The highly granular degree of control, which each fixture responding individually to local conditions, presents interesting possibilities for daylight harvesting in applications receiving significant daylight contribution from apertures such as skylights. (In new construction projects in California, the state’s Title 24-2005 energy code requires daylighting controls in certain big-box spaces.) Ireland says while mounting a photosensor in each fixture is a simple, low-cost solution, it isn’t best practice: “The best way to accomplish daylighting control in a hi-bay application is to have daylighting control zones that match the daylight distribution; this typically results in using one photosensor in the skylight to control multiple fixtures as best practice.”
Leonard points out that an integral photosensor’s true utility within a hi-bay fluorescent fixture may not be actively turning the lights on and off, but working with the occupancy sensor: “The most common photosensor application included in hi-bay fixtures is a hold-off-type system incorporated within the occupancy sensor that prevents it from activating the fixture when adequate ambient light is available,” he says.

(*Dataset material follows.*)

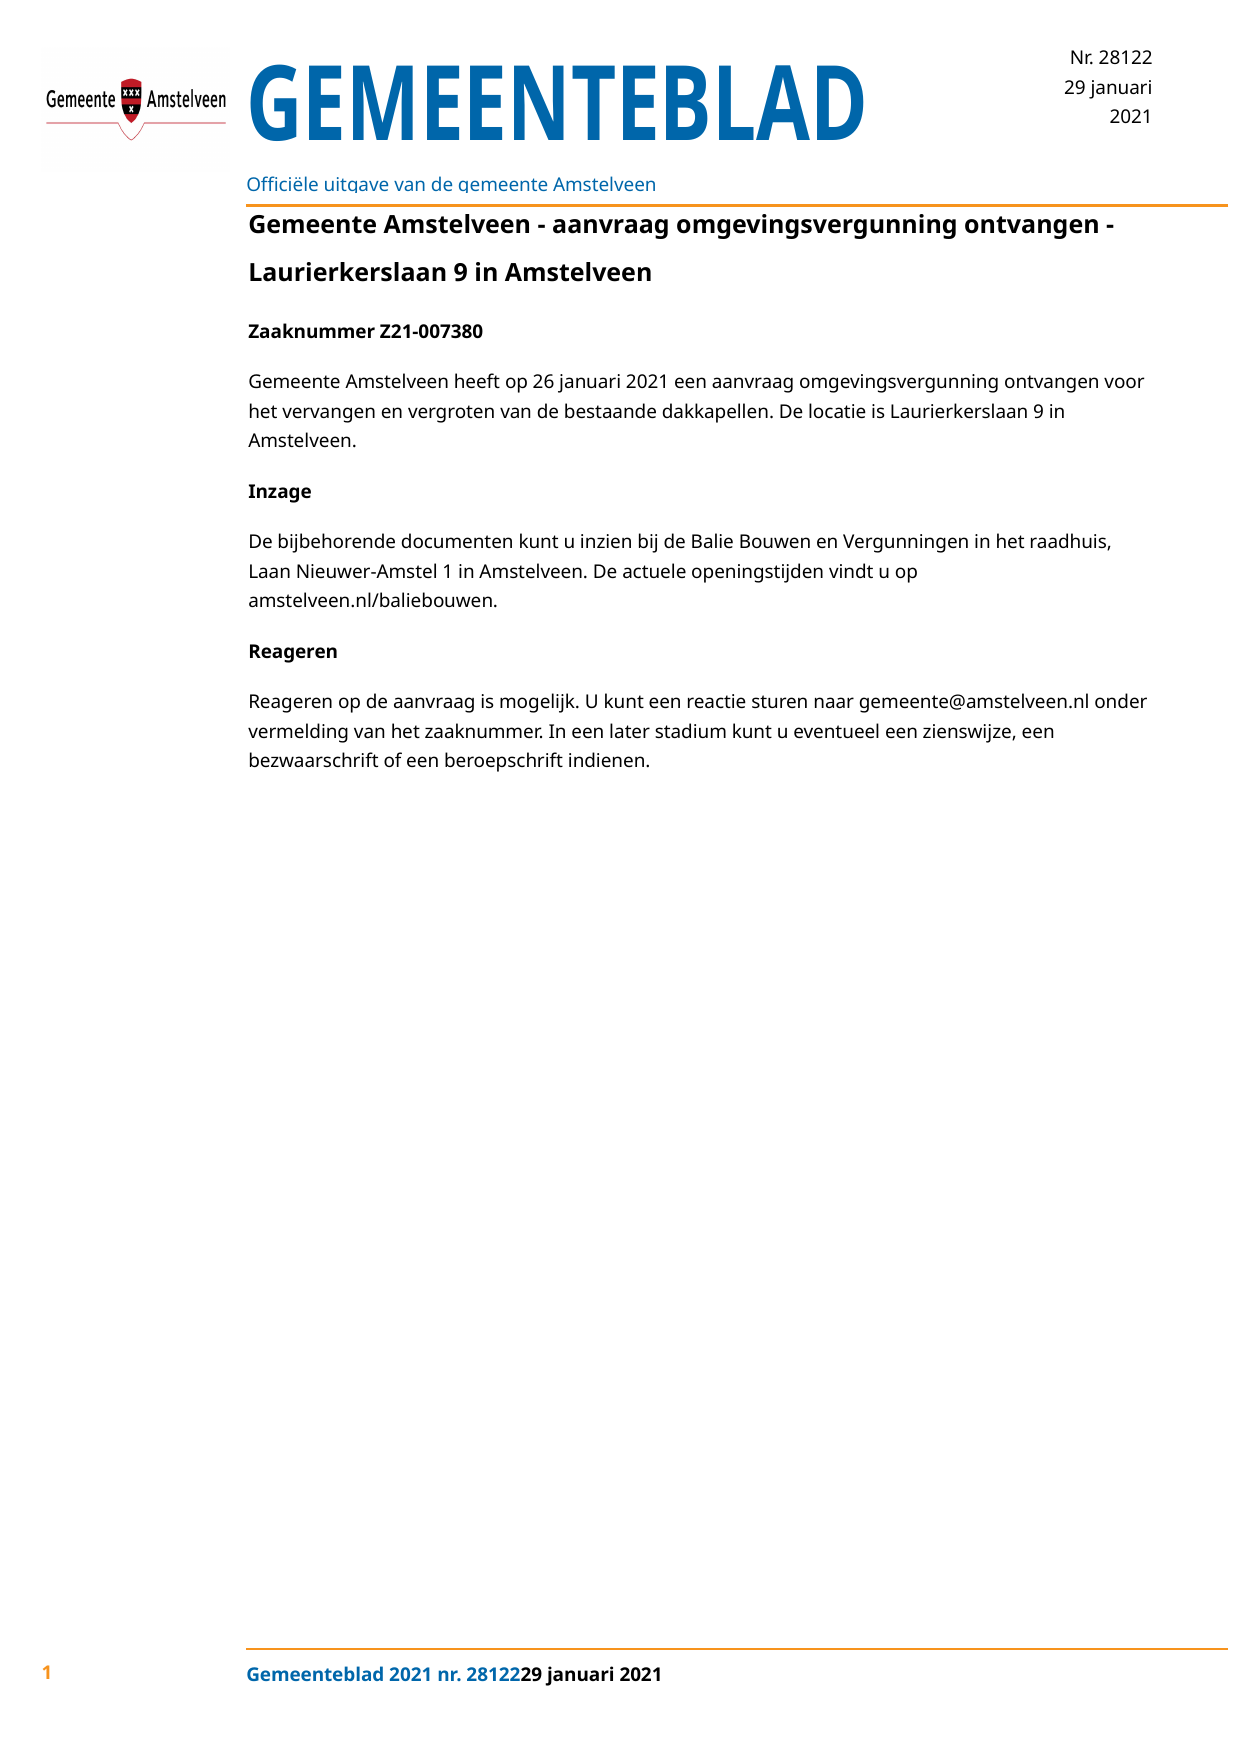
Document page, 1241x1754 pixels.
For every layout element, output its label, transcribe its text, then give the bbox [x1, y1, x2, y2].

To understand the energy savings potential, a distributor need only look at its own warehouse facilities to see firsthand how often the lighting is operated in unoccupied spaces. But what about occupant acceptance? Are fixtures individually activating as workers move down a warehouse aisle likely to be accepted by the occupants, particularly if they are driving vehicles like forklifts?
Connolly says that in the end, seeing is believing, recommending that distributors take advantage of trial installation programs offered by manufacturers.
“Your customer is not looking to buy product, he is looking for a lighting system with better-quality lighting that uses less energy,” he says. “Find a contractor or service provider that you can build a relationship with to look for and address these opportunities. Offer your customers total turnkey solutions and you will add value beyond your competitors and discourage getting shopped out based on materials costs alone.”